§ **Activity**
Starting at the top of the records below and ending with the line that contains "from ezdxf.math import Vec2, Vec3", print each line exactly as written, skipping the pictures.

§ **Data for review**
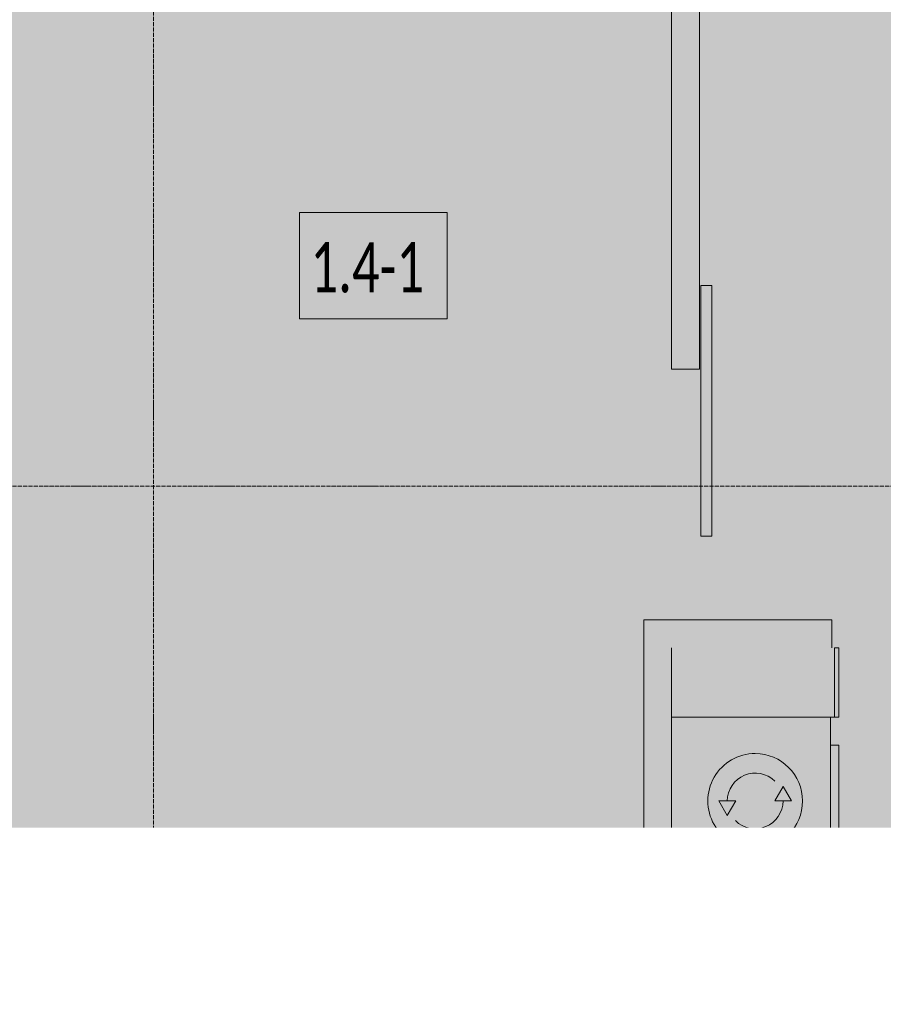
# Model space of a CAD drawing. Header units: millimetres. Extents: x -88210283 to 7466349, y -86687 to 22351.
# Tile 159 of 256: x 52238 to 55338, y -25559 to -22026. Entities that reach past the tile are written whole.
import ezdxf
from ezdxf import colors
from ezdxf.entities.mleader import LeaderData, LeaderLine
from ezdxf.math import Vec2, Vec3

# ---------------------------------------------------------------- set-up
doc = ezdxf.new("R2010")
doc.units = ezdxf.units.MM
doc.linetypes.add('-D1-03x03', pattern=[6, 3, -3])
doc.linetypes.add('-D1d1-15x02', pattern=[19, 15, -2, 0, -2])
for name, color, linetype, lineweight in [('_0', 7, 'Continuous', 13), ('A-000-MH_MASS', 7, '-D1-03x03', 5), ('A-010-A_ROOM', 7, 'Continuous', 18), ('A-200-M_WALL', 7, 'Continuous', 5), ('A-200-M_WALL_INT', 7, 'Continuous', 5), ('A-200-M_WALL_PAT', 7, 'Continuous', 5), ('A-325-M_DOOR', 7, 'Continuous', 5), ('A-700-M_FFE', 7, 'Continuous', 5), ('E-610-M_EPS', 7, 'Continuous', 5), ('M-520-M_DRAINAGE_FW', 7, 'Continuous', 5), ('M-567-M_MECH_EQP', 7, 'Continuous', 5), ('Z-060-M_DETAIL', 7, 'Continuous', 5), ('Марки дверей', 7, 'Continuous', 9), ('Оси', 7, 'Continuous', 5)]:
    doc.layers.add(name, color=color, linetype=linetype, lineweight=lineweight)
doc.styles.add('Calibri Light_2', font='Calibri light.ttf', dxfattribs={"width": 0.7, "height": 250})
doc.styles.add('fl_iso paper', font='isocpeur.ttf', dxfattribs={"width": 0.8, "oblique": 10})

# ---------------------------------------------------------------- blocks, each defined once
blk = doc.blocks.new('_DOT')
at = {"color": 0, "linetype": 'ByBlock'}
blk.add_line((-0.5, 0), (-1, 0), dxfattribs=at)
at = {"color": 0, "linetype": 'ByBlock', "const_width": 0.5}
blk.add_lwpolyline([(-0.25, 0, 1), (0.25, 0, 1)], format="xyb", close=True, dxfattribs=at)
blk = doc.blocks.new('A_MEQ_OpeningShaft-Rectangular - ВК-6586875-50_AS_Plan_15')
at = {"layer": 'Z-060-M_DETAIL', "linetype": '-D1-03x03'}
blk.add_hatch(color=256, dxfattribs=at).paths.add_polyline_path([(0, -400), (42.9, -42.9), (300, 0), (0, 0), (0, -178.2)])
at = {"layer": 'A-000-MH_MASS'}
for p, q in [((300, 0), (0, 0)), ((0, 0), (0, -400)), ((300, -400), (300, 0)), ((0, -400), (300, -400))]:
    blk.add_line(p, q, dxfattribs=at)
at = {"layer": 'Z-060-M_DETAIL'}
for p, q in [((300, 0), (0, 0)), ((0, 0), (0, -400)), ((42.9, -42.9), (300, 0)), ((300, 0), (300, -400)), ((0, -400), (42.9, -42.9)), ((0, -400), (300, -400))]:
    blk.add_line(p, q, dxfattribs=at)
blk = doc.blocks.new('A_DOR_Door - INT_3_SingleSliding_900Wx2100H-7222020-50_AS_Plan_15')
at = {"layer": 'A-325-M_DOOR'}
for p, q in [((-150, -55), (750, -55)), ((-150, -95), (-150, -55)), ((750, -55), (750, -95)), ((750, -95), (-150, -95))]:
    blk.add_line(p, q, dxfattribs=at)
blk = doc.blocks.new('MR_Стиральная машина - Стиральная машина_600-2464872-50_AS_Plan_15')
at = {"layer": 'E-610-M_EPS'}
for p, q in [((300, 0), (-300, 0)), ((-300, 0), (-300, -570)), ((300, -570), (300, 0)), ((0, -170), (-52, -200)), ((0, -230), (0, -170)), ((-52, -200), (0, -230)), ((0, -370), (0, -430)), ((52, -400), (0, -370)), ((0, -430), (52, -400)), ((-300, -570), (300, -570)), ((-200, -570), (-200, -600)), ((-200, -600), (200, -600)), ((200, -600), (200, -570))]:
    blk.add_line(p, q, dxfattribs=at)
for radius, start, end in [(170, 360, 180), (100, 315, 90), (100, 135, 270), (170, 180, 360)]:
    blk.add_arc((0, -300), radius, start, end, dxfattribs=at)
blk = doc.blocks.new('MR_Мойка - Кухонная мойка-V49-50_AS_Plan_15')
at = {"layer": 'M-520-M_DRAINAGE_FW'}
for p, q in [((300, 50), (-300, 50)), ((-136.7, -6.7), (-122.6, -33.3)), ((-45.7, -24.2), (-55, -14.9)), ((35.5, -105.4), (-45.7, -24.2)), ((2.7, -6.7), (-11.4, -33.3)), ((-104, -70), (-210, -70)), ((-79, -39), (-69.8, -48.2)), ((-69.8, -48.2), (11.4, -129.4)), ((210, -70), (0.1, -70)), ((-240, -100), (-240, -360)), ((-74, -360), (-74, -100)), ((-60, -100), (-60, -460)), ((240, -460), (240, -100)), ((15.7, -129.4), (35.5, -109.6)), ((-210, -390), (-104, -390)), ((-30, -490), (210, -490)), ((300, -550), (300, -520)), ((-300, -550), (300, -550))]:
    blk.add_line(p, q, dxfattribs=at)
for centre, radius, start, end in [((-129.7, -20), 15, 360, 180), ((-129.7, -20), 15, 180, 360), ((-67, -26.9), 17, 45, 225), ((136.3, 77.5), 208.5, 209.1823, 223.4054), ((-4.3, -20), 15, 360, 180), ((-4.3, -20), 15, 180, 360), ((-210, -100), 30, 90, 180), ((-104, -100), 30, 360, 90), ((-171.5, -230.2), 208.5, 46.5946, 60.8177), ((-21.7, -72.3), 9.19, 225, 45), ((210, -100), 30, 360, 90), ((-30, -100), 30, 118.5511, 180), ((33.3, -107.5), 3, 315, 45), ((33.3, -107.5), 3, 315, 45), ((-157, -130), 20, 360, 180), ((-157, -130), 20, 180, 360), ((13.5, -127.3), 3, 225, 315), ((13.5, -127.3), 3, 225, 315), ((10, -170), 20, 360, 180), ((10, -170), 20, 180, 360), ((-210, -360), 30, 180, 270), ((-104, -360), 30, 270, 360), ((-30, -460), 30, 180, 270), ((210, -460), 30, 270, 360)]:
    blk.add_arc(centre, radius, start, end, dxfattribs=at)
blk = doc.blocks.new('MR_Доборный кухонный элемент - Доборный элемент-5442718-50_AS_Plan_15')
at = {"layer": 'A-700-M_FFE'}
for p, q in [((250, 0), (0, 0)), ((0, -570), (0, -585)), ((250, -585), (0, -585)), ((0, -585), (0, -600)), ((0, -585), (250, -585)), ((0, -600), (250, -600)), ((250, -600), (250, -585))]:
    blk.add_line(p, q, dxfattribs=at)
blk = doc.blocks.new('MR_Ванна - Санузел с ванной_1800x800-6558203-50_AS_Plan_15')
at = {"layer": 'M-520-M_DRAINAGE_FW'}
for p, q in [((-900, 0), (-900, 800)), ((-900, 800), (195.1, 800)), ((210, 800.1), (195, 800.1)), ((195, 800.1), (195, 760)), ((200, 765), (200, 795.1)), ((200, 795.1), (210, 795.1)), ((200, 795.1), (200, 765)), ((895, 795.1), (200, 795.1)), ((210, 795.1), (210, 800.1)), ((210, 800), (885, 800)), ((900, 800), (885, 800)), ((885, 800), (885, 795.1)), ((885, 795.1), (895, 795.1)), ((895, 795.1), (895, 765)), ((895, 765), (895, 795.1)), ((900, 760), (900, 800)), ((630, 750), (-480, 750)), ((195, 760), (210, 760)), ((210, 765), (200, 765)), ((200, 765), (895, 765)), ((210, 760), (210, 765)), ((895, 765), (835, 765)), ((835, 765), (835, 760)), ((835, 760), (900, 760)), ((830, 529.1), (830, 550)), ((826.3, 529.1), (858, 529.1)), ((826.3, 505.7), (826.3, 529.1)), ((858, 529.1), (858, 411.3)), ((866, 496), (880, 496)), ((866, 464), (866, 496)), ((880, 509.8), (900, 509.8)), ((880, 450), (880, 509.8)), ((880, 496), (880, 464)), ((900, 509.8), (900, 450)), ((826.3, 411.3), (826.3, 478.7)), ((858, 493.3), (866, 493.3)), ((858, 466.4), (858, 493.3)), ((866, 466.4), (858, 466.4)), ((866, 493.3), (866, 466.4)), ((880, 464), (866, 464)), ((900, 450), (880, 450)), ((524.9, 411.3), (880, 411.3)), ((880, 411.3), (880, 388.7)), ((880, 388.7), (524.9, 388.7)), ((826.3, 316.7), (826.3, 388.7)), ((858, 388.7), (858, 316.7)), ((880, 300.2), (880, 360)), ((880, 360), (900, 360)), ((900, 360), (900, 300.2)), ((770.9, 301.9), (770.9, 348.9)), ((770.9, 348.9), (780, 348.9)), ((780, 301.9), (780, 348.9)), ((780, 348.9), (807.5, 348.9)), ((780, 348.9), (780, 301.9)), ((807.5, 348.9), (807.5, 301.9)), ((807.5, 303.8), (807.5, 346.6)), ((807.5, 346.6), (826.3, 346.6)), ((858, 316.7), (858, 343.6)), ((858, 343.6), (866, 343.6)), ((866, 314), (866, 346)), ((866, 346), (880, 346)), ((866, 343.6), (866, 316.7)), ((880, 346), (880, 314)), ((780, 301.9), (770.9, 301.9)), ((807.5, 301.9), (780, 301.9)), ((858, 303.8), (807.5, 303.8)), ((830, 250), (830, 303.8)), ((858, 316.7), (858, 303.8)), ((866, 316.7), (858, 316.7)), ((880, 314), (866, 314)), ((900, 300.2), (880, 300.2)), ((-480, 50), (630, 50))]:
    blk.add_line(p, q, dxfattribs=at)
for centre, radius, start, end in [((-480, 400), 350, 90, 270), ((630, 550), 200, 360, 90), ((508.5, 400), 110, 5.916, 354.084), ((832.8, 492.2), 15, 90, 270), ((832.8, 492.2), 15, 244.0483, 115.9517), ((832.8, 492.2), 15, 270, 90), ((508.5, 400), 20, 90, 270), ((508.5, 400), 20, 270, 90), ((508.5, 400), 20, 325.4667, 34.5333), ((843.9, 400), 15.5, 47.0093, 132.9907), ((843.9, 400), 15.5, 227.0093, 312.9907), ((630, 250), 200, 270, 360)]:
    blk.add_arc(centre, radius, start, end, dxfattribs=at)

msp = doc.modelspace()

# ---------------------------------------------------------------- hatches: boundary and pattern name
at = {"layer": '_0', "transparency": 33554534}
h = msp.add_hatch(color=252, dxfattribs=at)
h.dxf.hatch_style = 1
h.paths.add_polyline_path([(35428, -49734.4), (73878, -49734.4), (73878, -19284.4), (35428, -19284.4)])
h.paths.add_polyline_path([(44528, -41629.4), (44528, -34929.4), (49428, -34929.4), (49428, -36429.4), (51028, -36429.4), (51028, -30029.4), (49428, -30029.4), (49428, -30779.4), (42778, -30779.4), (42778, -28029.4), (44528, -28029.4), (44528, -27979.4), (45303, -27979.4), (45303, -27379.4), (47528, -27379.4), (47528, -27979.4), (53578, -27979.4), (53578, -27379.4), (55478, -27379.4), (55478, -27979.4), (64478, -27979.4), (64478, -26229.4), (67788, -26229.4), (67788, -28219.4), (66578, -28219.4), (66578, -30029.4), (62978, -30029.4), (62978, -30829.4), (59878, -30829.4), (59878, -30029.4), (58628, -30029.4), (58628, -38979.4), (59728, -38979.4), (59728, -38079.4), (62978, -38079.4), (62978, -38979.4), (66878, -38979.4), (66878, -41429.4), (64478, -41429.4), (64478, -41029.4), (59923, -41029.4), (59923, -41629.4), (57898, -41629.4), (57898, -41029.4), (47038, -41029.4), (47038, -41629.4)], flags=16)
at = {"layer": 'A-200-M_WALL_PAT', "true_color": 0xebf0f0}
for points in [[(54478, -25054.4), (54578, -25054.4), (54578, -24954.4), (54078, -24954.4), (54078, -25054.4), (54228.2, -25054.4)], [(54178, -25454.4), (54178, -25054.4), (54078, -25054.4), (54078, -25454.4)], [(54478, -25454.4), (54578, -25454.4), (54578, -25129.4), (54578, -25129.4), (54578, -25129.4), (54578, -25054.4), (54478, -25054.4), (54478, -25232.6)], [(54578, -25554.4), (54578, -25454.4), (54078, -25454.4), (54078, -25554.4), (54228.2, -25554.4)]]:
    msp.add_hatch(color=7, dxfattribs=at).paths.add_polyline_path(points)

# ---------------------------------------------------------------- linework, layer by layer
at = {"layer": 'A-010-A_ROOM', "lineweight": 5, "flags": 128}
msp.add_lwpolyline([(53241.9, -22718.1), (53772.9, -22718.1), (53772.9, -23099.1), (53241.9, -23099.1)], close=True, dxfattribs=at)
at = {"layer": 'A-200-M_WALL', "lineweight": 9}
for p, q in [((54578, -24954.4), (54078, -24954.4)), ((54078, -24954.4), (54078, -25554.4)), ((54078, -25554.4), (54578, -25554.4))]:
    msp.add_line(p, q, dxfattribs=at)
at = {"layer": 'A-200-M_WALL_INT'}
for p, q in [((54578, -23279.4), (54578, -19829.4)), ((54678, -19829.4), (54678, -23279.4)), ((54678, -23279.4), (54578, -23279.4)), ((54478, -24179.4), (55153, -24179.4)), ((54478, -24954.4), (54478, -24179.4)), ((55153, -24179.4), (55153, -24279.4)), ((52228, -24954.4), (54078, -24954.4)), ((54078, -25054.4), (52228, -25054.4)), ((54478, -26509.4), (54478, -25554.4))]:
    msp.add_line(p, q, dxfattribs=at)
at = {"layer": 'Оси', "linetype": '-D1d1-15x02'}
for p, q in [((52718, -51768.8), (52718, -18492.1)), ((32615.2, -23699.4), (74746.1, -23699.4))]:
    msp.add_line(p, q, dxfattribs=at)

# ---------------------------------------------------------------- block references
at = {"layer": 'A-325-M_DOOR', "color": 8, "true_color": 0x7f7f7f, "rotation": 90}
msp.add_blockref('A_DOR_Door - INT_3_SingleSliding_900Wx2100H-7222020-50_AS_Plan_15', (54628, -23729.4), dxfattribs=at)
at = {"layer": 'A-700-M_FFE', "rotation": 90.00000000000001}
msp.add_blockref('MR_Доборный кухонный элемент - Доборный элемент-5442718-50_AS_Plan_15', (54578, -24529.4), dxfattribs=at)
at = {"layer": 'E-610-M_EPS', "rotation": 90.00000000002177}
msp.add_blockref('MR_Стиральная машина - Стиральная машина_600-2464872-50_AS_Plan_15', (54578, -24829.4), dxfattribs=at)
at = {"layer": 'M-520-M_DRAINAGE_FW'}
for name, p, rotation in [('MR_Ванна - Санузел с ванной_1800x800-6558203-50_AS_Plan_15', (53128, -25054.4), 180), ('MR_Мойка - Кухонная мойка-V49-50_AS_Plan_15', (54628, -25429.4), 90.00000000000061)]:
    msp.add_blockref(name, p, dxfattribs=dict(at, rotation=rotation))
at = {"layer": 'M-567-M_MECH_EQP'}
msp.add_blockref('A_MEQ_OpeningShaft-Rectangular - ВК-6586875-50_AS_Plan_15', (54178, -25054.4), dxfattribs=at)

# ---------------------------------------------------------------- texts
at = {"layer": 'A-010-A_ROOM', "lineweight": 5, "insert": (53281.7, -22824.3), "char_height": 180, "width": 577.215, "attachment_point": 1, "style": 'Calibri Light_2'}
msp.add_mtext('1.4-1 ', dxfattribs=at)

# ---------------------------------------------------------------- next in the draw order: leaders
at = {"layer": 'Марки дверей', "lineweight": -2, "transparency": 33554687}
ml = msp.add_multileader_mtext('Standard', dxfattribs=at)
ml.set_content('\\pxsm1,ql;ГКЛ обшивка толщиной 75 мм \\Pвысотой 2500 мм', color=256, style='fl_iso paper')
ml.set_leader_properties(lineweight=5)
ml.set_arrow_properties(name='DOT')
ml.build(insert=Vec2(0, 0))
ml.multileader.update_dxf_attribs({"has_dogleg": 0, "text_left_attachment_type": 6, "text_right_attachment_type": 6, "dogleg_length": 0.75, "arrow_head_size": 60, "scale": 40})
ctx = ml.context
ctx.base_point, ctx.scale, ctx.char_height, ctx.arrow_head_size, ctx.landing_gap_size, ctx.plane_origin = Vec3(42395.5, -25350), 40, 250, 60, 80, Vec3(44407.6, -18170.1)
ctx.left_attachment, ctx.right_attachment = 6, 6
notes = []
notes.append((ctx, [(0, (1, 1, 0), (46464.5, -25350), (-1, 0), 30, [(0, [(47193, -28229.4)], 0, [])])]))
ctx.mtext.insert, ctx.mtext.width, ctx.mtext.defined_height, ctx.mtext.line_spacing_factor, ctx.mtext.flow_direction = Vec3(42475.5, -25050), 4067.72, 979.1, 0.7, 5
ctx.mtext.has_bg_fill, ctx.mtext.bg_color, ctx.mtext.bg_scale_factor, ctx.mtext.bg_transparency, ctx.mtext.use_window_bg_color = 1, -1027028792, 1.5, 0, 1
for ctx, leaders in notes:
    for number, flags, end, landing, length, lines in leaders:
        leader = LeaderData()
        leader.index, (leader.has_last_leader_line, leader.has_dogleg_vector, leader.attachment_direction) = number, flags
        leader.last_leader_point, leader.dogleg_vector, leader.dogleg_length = Vec3(end), Vec3(landing), length
        for number, points, colour, breaks in lines:
            line = LeaderLine()
            line.index, line.vertices, line.color, line.breaks = number, Vec3.list(points), colors.encode_raw_color(colour), breaks
            leader.lines.append(line)
        ctx.leaders.append(leader)

# ---------------------------------------------------------------- next in the draw order: leaders
ml = msp.add_multileader_mtext('Standard', dxfattribs=at)
ml.set_content('\\pxsm1,ql;ГКЛ обшивка толщиной 75 мм \\Pвысотой 2500 мм', color=256, style='fl_iso paper')
ml.set_leader_properties(lineweight=5)
ml.set_arrow_properties(name='DOT')
ml.build(insert=Vec2(0, 0))
ml.multileader.update_dxf_attribs({"has_dogleg": 0, "text_left_attachment_type": 6, "text_right_attachment_type": 6, "dogleg_length": 0.75, "arrow_head_size": 60, "scale": 40})
ctx = ml.context
ctx.base_point, ctx.scale, ctx.char_height, ctx.arrow_head_size, ctx.landing_gap_size, ctx.plane_origin = Vec3(57861.3, -25350), 40, 250, 60, 80, Vec3(59873.4, -18170.1)
ctx.left_attachment, ctx.right_attachment = 6, 6
notes = []
notes.append((ctx, [(1, (1, 1, 0), (57831.3, -25350), (1, 0), 30, [(0, [(55180.2, -28229.4)], 0, [])])]))
ctx.mtext.insert, ctx.mtext.width, ctx.mtext.defined_height, ctx.mtext.line_spacing_factor, ctx.mtext.flow_direction = Vec3(57941.3, -25050), 4067.72, 979.1, 0.7, 5
ctx.mtext.has_bg_fill, ctx.mtext.bg_color, ctx.mtext.bg_scale_factor, ctx.mtext.bg_transparency, ctx.mtext.use_window_bg_color = 1, -1027028792, 1.5, 0, 1
for ctx, leaders in notes:
    for number, flags, end, landing, length, lines in leaders:
        leader = LeaderData()
        leader.index, (leader.has_last_leader_line, leader.has_dogleg_vector, leader.attachment_direction) = number, flags
        leader.last_leader_point, leader.dogleg_vector, leader.dogleg_length = Vec3(end), Vec3(landing), length
        for number, points, colour, breaks in lines:
            line = LeaderLine()
            line.index, line.vertices, line.color, line.breaks = number, Vec3.list(points), colors.encode_raw_color(colour), breaks
            leader.lines.append(line)
        ctx.leaders.append(leader)

doc.saveas('drawing.dxf')

§ **Response**
# Model space of a CAD drawing. Header units: millimetres. Extents: x -88210283 to 7466349, y -86687 to 22351.
# Tile 159 of 256: x 52238 to 55338, y -25559 to -22026. Entities that reach past the tile are written whole.
import ezdxf
from ezdxf import colors
from ezdxf.entities.mleader import LeaderData, LeaderLine
from ezdxf.math import Vec2, Vec3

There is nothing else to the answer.